Figure 2: Categories of IoT
Clearly, it is important to understand the value chain and business model for the IoT applications for each category of IoT.
Understanding IoT from the customers and regulators prospective is not an easy task for the following reasons:
- Customer demands and requirements change constantly.
- New uses for devices—as well as new devices—sprout and grows at breakneck speeds.
- Inventing and reintegrating must-have features and capabilities are expensive and take time and resources.
- The uses for Internet of Things technology are expanding and changing—often in uncharted waters.
- Consumer Confidence: Each of these problems could put a dent in consumers' desire to purchase connected products, which would prevent the IoT from fulfilling its true potential.
- Lack of understanding or education by consumers of best practices for IoT devices security to help in improving privacy, for example change default passwords of IoT devices.
The IoT creates unique challenges to privacy, many that go beyond the data privacy issues that currently exist. Much of this stems from integrating devices into our environments without us consciously using them.
This is becoming more prevalent in consumer devices, such as tracking devices for phones and cars as well as smart televisions. In terms of the latter, voice recognition or vision features are being integrated that can continuously listen to conversations or watch for activity and selectively transmit that data to a cloud service for processing, which sometimes includes a third party. The collection of this information exposes legal and regulatory challenges facing data protection and privacy law.

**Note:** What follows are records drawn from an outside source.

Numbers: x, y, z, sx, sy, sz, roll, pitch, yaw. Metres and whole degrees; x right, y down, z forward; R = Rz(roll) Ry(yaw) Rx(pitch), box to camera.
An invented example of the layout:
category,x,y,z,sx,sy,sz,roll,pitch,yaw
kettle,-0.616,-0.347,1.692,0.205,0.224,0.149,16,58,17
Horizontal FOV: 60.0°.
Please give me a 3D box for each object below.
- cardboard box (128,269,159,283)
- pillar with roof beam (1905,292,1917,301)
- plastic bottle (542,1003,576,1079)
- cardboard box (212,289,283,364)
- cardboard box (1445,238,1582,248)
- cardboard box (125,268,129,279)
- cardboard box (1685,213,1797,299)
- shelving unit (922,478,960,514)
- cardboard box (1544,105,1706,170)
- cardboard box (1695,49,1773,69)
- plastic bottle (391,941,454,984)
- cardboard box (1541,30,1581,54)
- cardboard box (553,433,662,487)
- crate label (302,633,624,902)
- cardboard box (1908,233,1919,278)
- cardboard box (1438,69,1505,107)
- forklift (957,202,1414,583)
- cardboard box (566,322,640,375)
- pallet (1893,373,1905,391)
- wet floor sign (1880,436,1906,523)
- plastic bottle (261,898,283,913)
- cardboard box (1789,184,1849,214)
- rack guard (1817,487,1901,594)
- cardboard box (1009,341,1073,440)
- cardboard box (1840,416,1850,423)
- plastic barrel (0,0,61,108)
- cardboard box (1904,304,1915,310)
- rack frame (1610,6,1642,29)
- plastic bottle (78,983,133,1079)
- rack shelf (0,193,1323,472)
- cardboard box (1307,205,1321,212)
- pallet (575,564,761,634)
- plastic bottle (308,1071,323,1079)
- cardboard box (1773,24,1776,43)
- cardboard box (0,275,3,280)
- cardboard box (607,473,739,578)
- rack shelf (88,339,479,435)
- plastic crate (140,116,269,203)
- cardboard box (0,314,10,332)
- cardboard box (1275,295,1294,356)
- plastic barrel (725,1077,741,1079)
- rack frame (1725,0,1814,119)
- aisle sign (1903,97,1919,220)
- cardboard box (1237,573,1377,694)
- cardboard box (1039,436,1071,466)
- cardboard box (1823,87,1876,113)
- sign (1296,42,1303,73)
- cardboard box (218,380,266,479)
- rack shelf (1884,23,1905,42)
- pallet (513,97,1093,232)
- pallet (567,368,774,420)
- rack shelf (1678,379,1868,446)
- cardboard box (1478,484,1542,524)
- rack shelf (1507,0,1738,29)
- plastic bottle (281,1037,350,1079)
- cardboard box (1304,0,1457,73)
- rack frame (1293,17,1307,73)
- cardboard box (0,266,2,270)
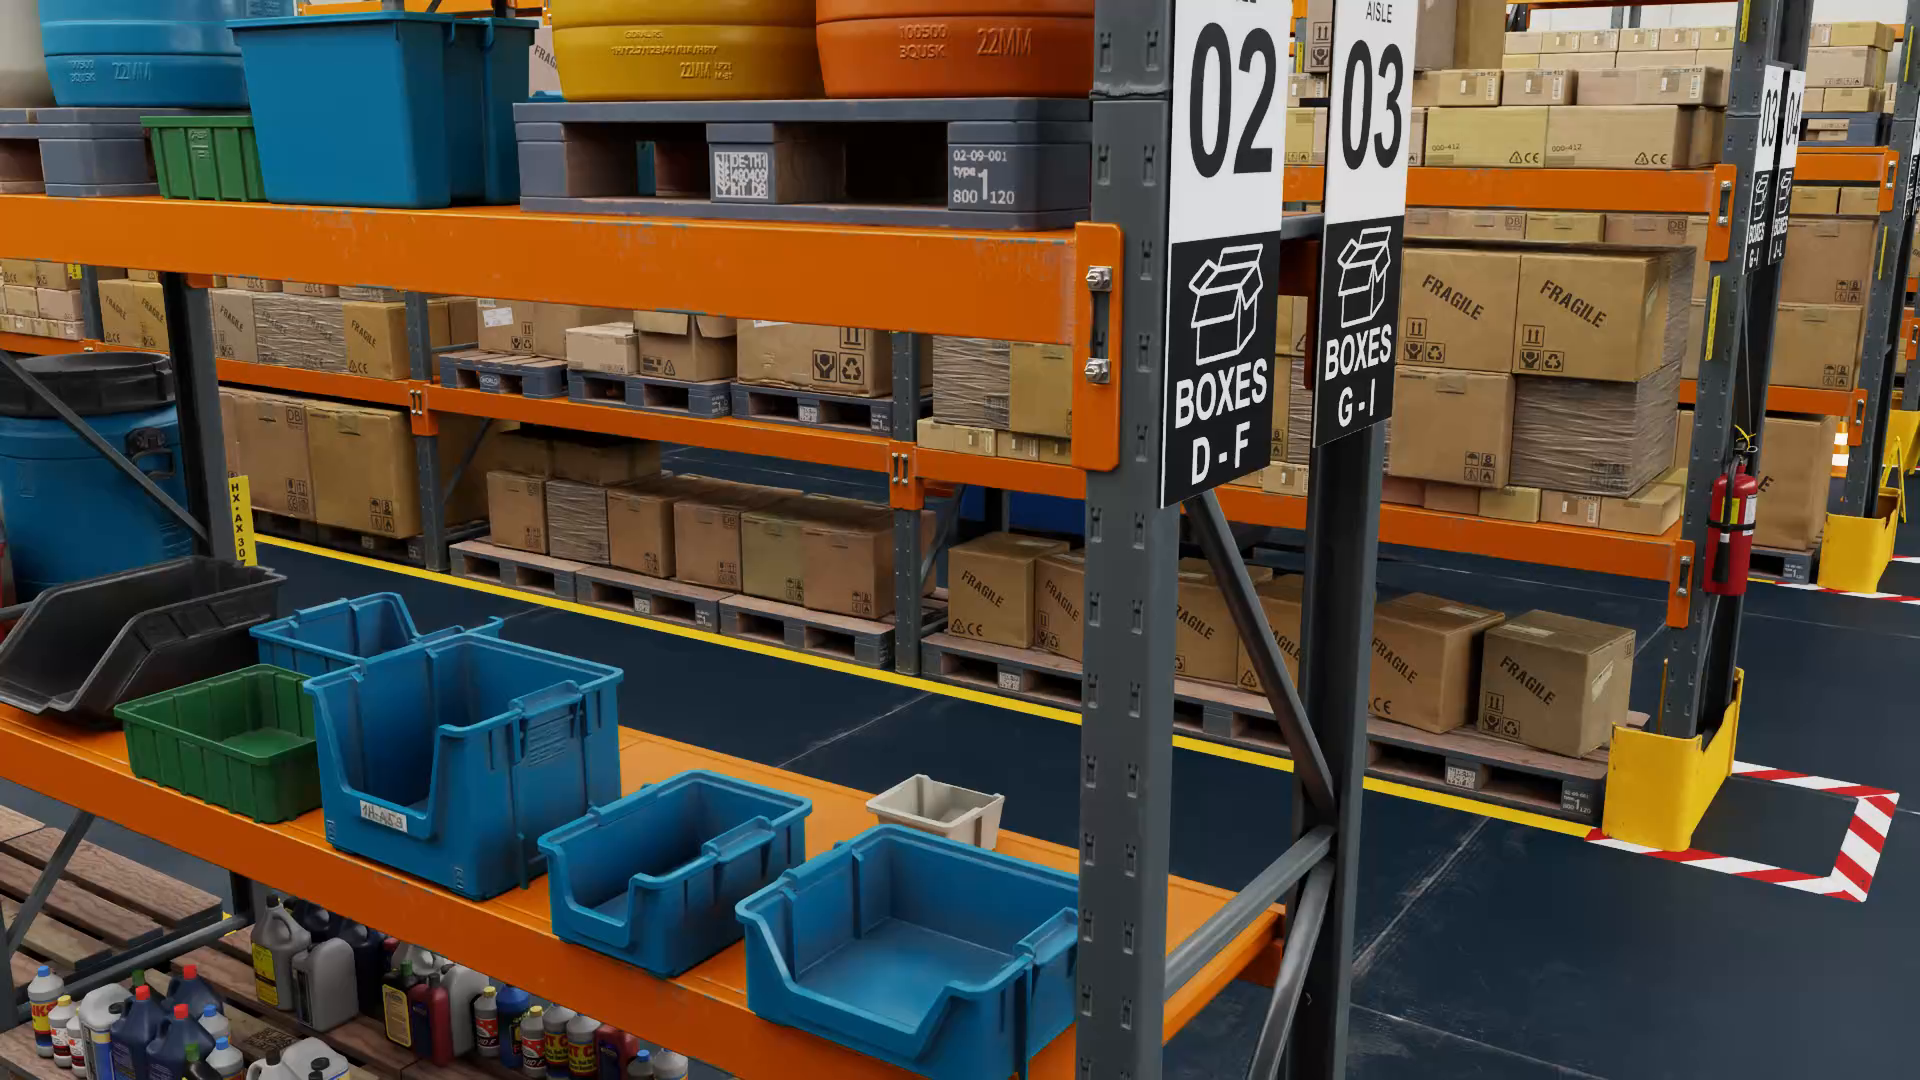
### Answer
category,x,y,z,sx,sy,sz,roll,pitch,yaw
cardboard box,-6.138,-2.324,13.175,0.637,0.503,0.797,9,16,31
pillar with roof beam,9.105,-5.557,16.043,0.400,9.000,9.100,9,17,33
plastic bottle,-1.178,1.470,4.905,0.097,0.271,0.097,0,14,0
cardboard box,-5.166,-1.607,12.365,0.500,0.500,0.500,10,17,34
cardboard box,2.569,-1.138,7.772,0.500,0.500,0.500,9,17,33
cardboard box,-6.928,-2.424,14.004,0.500,0.500,0.500,9,17,33
cardboard box,5.342,-1.949,11.394,0.550,0.550,0.875,9,17,33
shelving unit,-0.137,-0.605,12.269,0.503,1.200,0.258,9,17,33
cardboard box,2.742,-1.661,6.860,0.500,0.250,0.500,10,17,34
cardboard box,5.160,-3.096,10.957,0.500,0.250,0.500,9,17,33
plastic bottle,-1.677,1.358,5.193,0.185,0.351,0.144,9,17,32
cardboard box,4.192,-3.428,11.470,0.250,0.149,0.380,9,17,33
cardboard box,-2.335,-0.548,11.019,0.500,0.250,0.500,12,18,39
crate label,-1.158,0.514,3.931,0.616,0.435,0.502,9,17,33
cardboard box,11.027,-3.292,19.171,0.500,0.500,0.500,9,16,32
cardboard box,2.219,-1.917,7.067,0.250,0.149,0.380,9,17,33
forklift,1.508,-1.202,11.077,3.031,2.935,1.130,8,16,30
cardboard box,-2.092,-1.197,10.354,0.500,0.250,0.500,9,16,31
pallet,10.924,-1.970,19.844,1.213,0.211,1.003,9,17,33
wet floor sign,7.265,-0.487,12.948,0.232,0.644,0.267,6,15,23
plastic bottle,-2.324,1.319,5.661,0.097,0.201,0.097,0,14,0
cardboard box,7.854,-3.012,15.341,0.500,0.500,0.700,9,17,33
rack guard,6.156,-0.022,11.374,0.348,0.500,1.175,9,17,33
cardboard box,0.699,-0.846,8.672,0.500,0.500,0.875,9,17,33
cardboard box,8.300,-1.272,16.068,0.500,0.250,0.500,9,17,32
plastic barrel,-2.551,-1.430,4.508,0.421,0.512,0.421,0,14,0
cardboard box,11.026,-2.584,19.286,0.500,0.250,0.500,10,17,35
rack frame,8.263,-6.678,20.574,0.127,3.000,1.000,9,17,33
plastic bottle,-2.496,1.464,4.919,0.135,0.276,0.152,10,17,35
rack shelf,-1.139,-0.651,3.966,4.000,0.370,1.077,9,17,33
cardboard box,3.104,-2.316,12.878,0.550,0.550,0.875,9,17,33
pallet,-1.698,0.286,10.729,1.213,0.211,1.003,9,17,33
plastic bottle,-1.697,1.558,4.384,0.185,0.351,0.144,10,17,35
cardboard box,5.248,-3.258,10.782,0.250,0.149,0.380,10,17,34
cardboard box,-8.459,-2.157,14.489,0.500,0.250,0.500,9,16,32
cardboard box,-1.845,-0.104,10.789,0.500,0.500,0.700,11,18,37
rack shelf,-5.013,-1.256,12.650,4.000,0.370,1.077,9,17,33
plastic crate,-1.642,-0.900,3.914,0.450,0.188,0.336,9,17,33
cardboard box,-7.963,-1.865,14.136,0.250,0.149,0.380,10,17,34
cardboard box,1.448,-1.169,7.894,0.500,0.500,0.500,9,17,33
plastic barrel,-0.485,1.587,3.971,0.421,0.512,0.421,0,14,0
rack frame,3.284,-3.176,6.425,0.127,3.000,1.000,9,17,33
aisle sign,6.028,-2.432,10.494,0.004,0.787,0.394,9,17,33
cardboard box,1.751,0.498,8.398,0.500,0.500,0.500,11,18,38
cardboard box,0.612,-0.494,8.597,0.250,0.149,0.380,9,17,33
cardboard box,5.671,-2.803,10.601,0.250,0.149,0.380,9,17,33
sign,2.522,-3.526,12.350,0.005,0.325,0.100,9,17,33
cardboard box,-5.389,-0.844,13.038,0.875,0.875,1.225,9,16,31
rack shelf,9.923,-5.867,19.625,4.000,0.370,1.077,9,17,33
pallet,-0.112,-0.771,3.346,1.213,0.211,1.003,9,17,33
pallet,-1.688,-0.986,10.463,1.213,0.211,1.003,9,17,33
rack shelf,4.477,-1.158,12.256,4.000,0.370,1.077,9,17,33
cardboard box,2.489,-0.196,7.394,0.250,0.149,0.380,9,17,33
rack shelf,7.156,-5.069,15.577,4.000,0.370,1.077,9,17,33
plastic bottle,-1.790,1.536,4.627,0.135,0.276,0.152,9,17,33
cardboard box,1.857,-2.313,7.314,0.500,0.500,0.500,9,17,33
rack frame,2.817,-4.688,12.532,0.127,3.000,1.000,9,17,33
cardboard box,-9.021,-2.401,15.472,0.500,0.250,0.500,9,16,32

In addition, many IoT scenarios involve device deployments and data collection activities with multinational or global scope that cross social and cultural boundaries. What will that mean for the development of a broadly applicable privacy protection model for the IoT?
In order to realize the opportunities of the IoT, strategies will need to be developed to respect individual privacy choices across a broad spectrum of expectations, while still fostering innovation in new technologies and services.
Regulatory standards for data markets are missing especially for data brokers; they are companies that sell data collected from various sources. Even though data appear to be the currency of the IoT, there is a lack of transparency about; who gets access to data and how those data are used to develop products or services and sold to advertisers and third parties. There is a need for clear guidelines on the retention, use, and security of the data including metadata (the data that describe other data).